Work instructions. The output should be the listing below, limited to the lines from the one with "Which option is" through the one with "Describe the image", exact and without pictures.

Material shown.
● ● ● ●

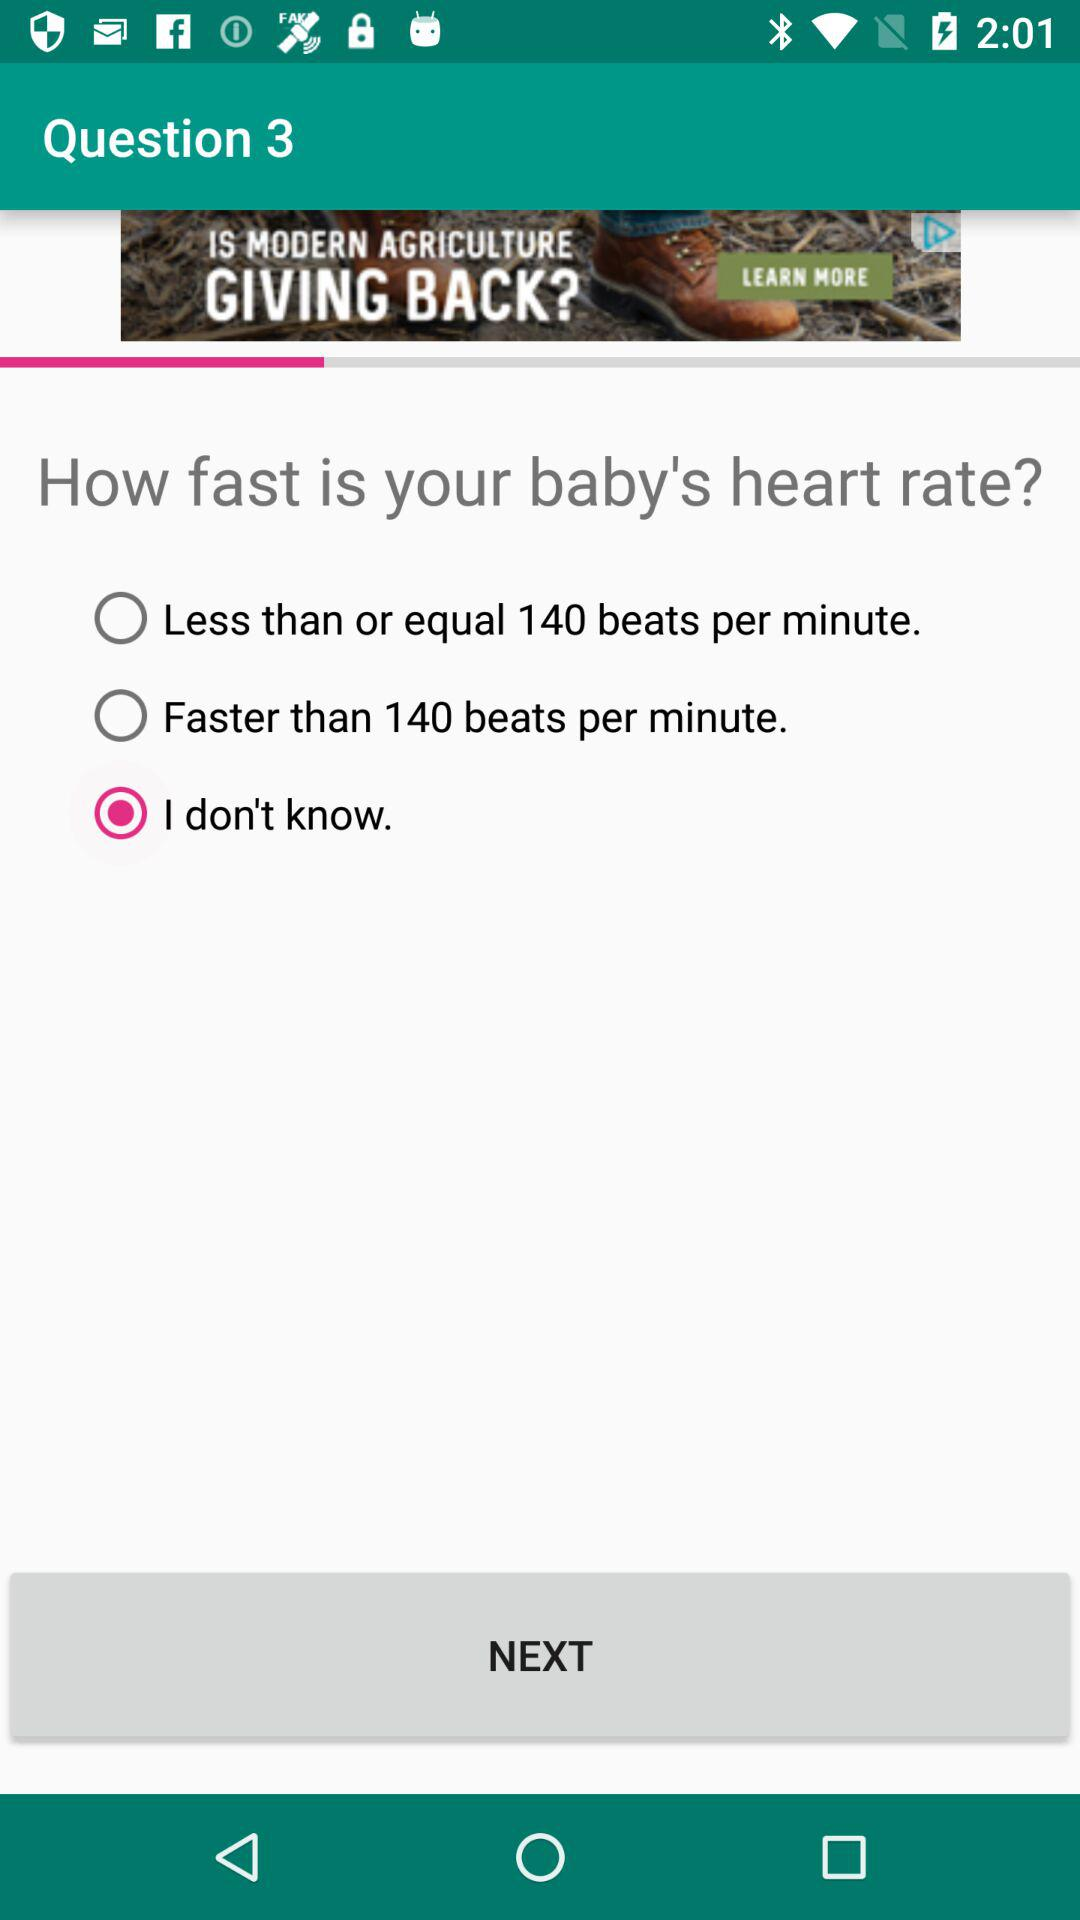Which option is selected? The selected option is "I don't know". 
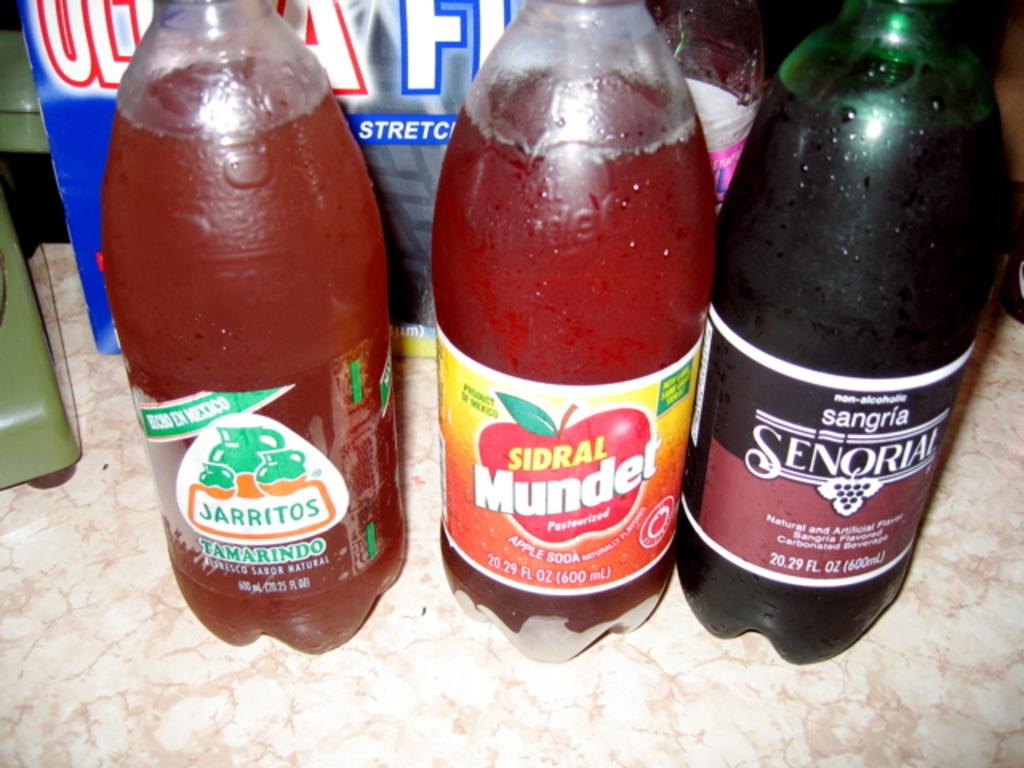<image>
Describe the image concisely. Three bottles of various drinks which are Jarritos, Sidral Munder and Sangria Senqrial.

● ● ● ●

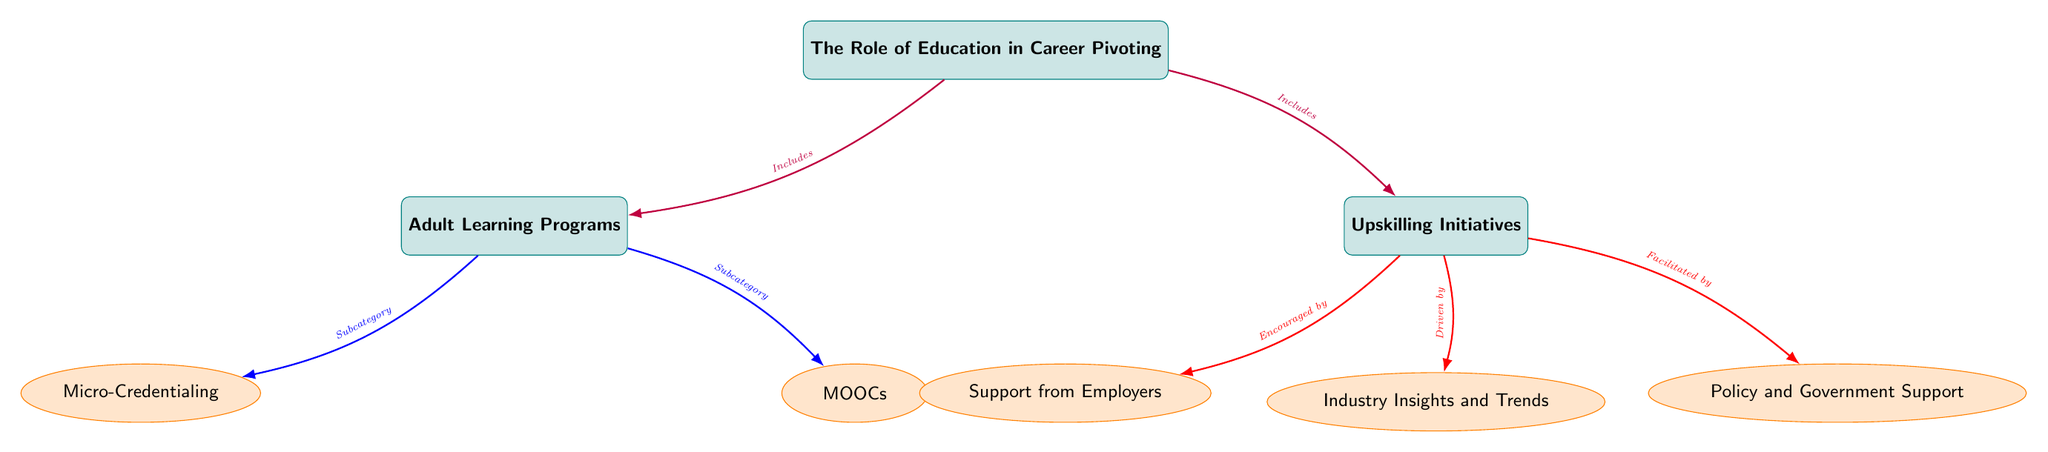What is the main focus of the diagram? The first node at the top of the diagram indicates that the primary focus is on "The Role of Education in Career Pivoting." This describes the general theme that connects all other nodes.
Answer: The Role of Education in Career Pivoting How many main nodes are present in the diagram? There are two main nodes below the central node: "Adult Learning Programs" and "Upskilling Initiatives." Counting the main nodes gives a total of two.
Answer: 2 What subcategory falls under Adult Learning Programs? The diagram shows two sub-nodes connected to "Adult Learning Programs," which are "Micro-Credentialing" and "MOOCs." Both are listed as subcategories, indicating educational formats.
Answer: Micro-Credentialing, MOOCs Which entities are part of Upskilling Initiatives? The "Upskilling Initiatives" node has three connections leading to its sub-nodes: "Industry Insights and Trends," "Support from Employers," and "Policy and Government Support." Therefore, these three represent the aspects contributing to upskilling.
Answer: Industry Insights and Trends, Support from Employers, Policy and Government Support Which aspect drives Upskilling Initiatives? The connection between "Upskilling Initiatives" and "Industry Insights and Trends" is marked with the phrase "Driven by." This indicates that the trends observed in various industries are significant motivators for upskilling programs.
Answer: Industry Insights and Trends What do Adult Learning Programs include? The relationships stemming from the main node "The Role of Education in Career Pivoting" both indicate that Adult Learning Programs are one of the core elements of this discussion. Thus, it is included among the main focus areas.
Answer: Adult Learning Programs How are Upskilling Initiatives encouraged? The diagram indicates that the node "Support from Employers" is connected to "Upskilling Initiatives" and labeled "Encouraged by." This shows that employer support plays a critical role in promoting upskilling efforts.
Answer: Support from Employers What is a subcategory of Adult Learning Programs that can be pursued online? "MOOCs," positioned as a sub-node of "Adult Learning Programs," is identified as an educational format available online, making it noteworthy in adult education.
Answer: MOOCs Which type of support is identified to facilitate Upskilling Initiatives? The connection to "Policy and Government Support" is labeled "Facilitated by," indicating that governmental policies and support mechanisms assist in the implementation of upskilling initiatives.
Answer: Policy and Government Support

● ● ● ●

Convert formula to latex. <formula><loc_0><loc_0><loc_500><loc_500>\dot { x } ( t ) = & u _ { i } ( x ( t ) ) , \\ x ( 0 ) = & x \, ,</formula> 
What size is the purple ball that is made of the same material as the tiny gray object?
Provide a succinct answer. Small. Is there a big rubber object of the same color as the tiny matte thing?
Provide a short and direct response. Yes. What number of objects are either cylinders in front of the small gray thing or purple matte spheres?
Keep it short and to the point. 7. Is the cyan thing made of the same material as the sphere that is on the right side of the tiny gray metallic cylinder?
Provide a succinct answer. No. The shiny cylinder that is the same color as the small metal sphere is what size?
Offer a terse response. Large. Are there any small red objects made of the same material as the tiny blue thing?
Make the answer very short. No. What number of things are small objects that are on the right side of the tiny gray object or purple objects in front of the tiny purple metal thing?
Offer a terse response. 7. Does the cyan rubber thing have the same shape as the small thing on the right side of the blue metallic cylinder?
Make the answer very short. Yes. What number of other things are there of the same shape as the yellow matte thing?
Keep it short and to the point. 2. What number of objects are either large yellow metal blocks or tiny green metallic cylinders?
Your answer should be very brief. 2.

● ● ● ●

Reply.
Which option is selected? The selected option is "I don't know". 
<image>
Describe the image concisely. Three bottles of various drinks which are Jarritos, Sidral Munder and Sangria Senqrial.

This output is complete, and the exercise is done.